On 02/15/2013 10:01 PM, Eric Blake wrote:
On 02/14/2013 05:00 AM, Stefan Berger wrote:
>
>
> +static char *
> +qemuCommandPrintFDSet(int fdset, int fd, int open_flags, const char *name)
> +{
> + const char *mode = "";
> + virBuffer buf = VIR_BUFFER_INITIALIZER;
> +
> + if (name) {
> + switch ((open_flags & O_ACCMODE)) {
> + case O_RDONLY:
> + mode = "RDONLY:";
> + break;
> + case O_WRONLY:
> + mode = "WRONLY:";
> + break;
> + case O_RDWR:
> + mode = "RDWR:";
> + break;
Is it worth a default case when the mode is unrecognized? Then again,
unless the Linux kernel ever gains O_SEARCH/O_EXEC support, there
probably won't ever be any code hitting the default case.

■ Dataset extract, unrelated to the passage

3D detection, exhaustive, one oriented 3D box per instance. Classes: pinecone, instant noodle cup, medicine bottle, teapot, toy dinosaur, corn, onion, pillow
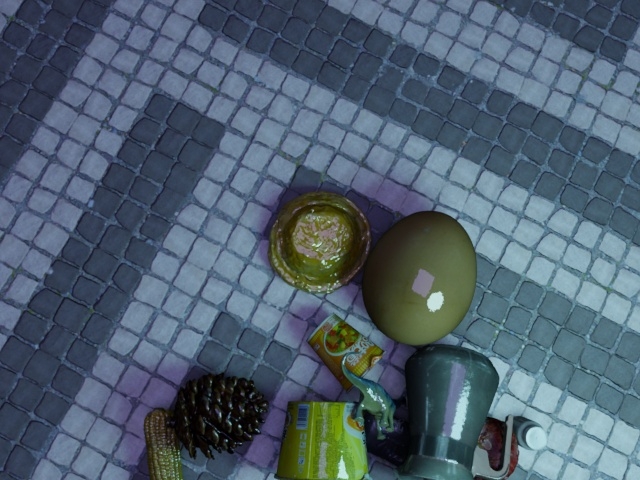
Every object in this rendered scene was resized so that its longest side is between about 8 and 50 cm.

Then we can leave it as-is I suppose. We can always treat other flags
separately in this case statement if needed in the future.
> + }
> + }
> +
> + virBufferAsprintf(&buf, "set=%d,fd=%d%s%s", fdset, fd,
> + (name) ? ",opaque=" : "",
> + mode);
> + if (name)
> + virBufferEscape(&buf, ',', ",", "%s",
name);
Slightly easier to read as:
virBufferAsprintf(&buf, "set=%d,fd=%d", fdset, fd);
if (name)
virBufferEscape(&buf, ',', ",", ",opaque=%s", name);
Something like this, yes. 'mode' still needs to be printed in the
if(name) part but cannot be part of virBufferEscape.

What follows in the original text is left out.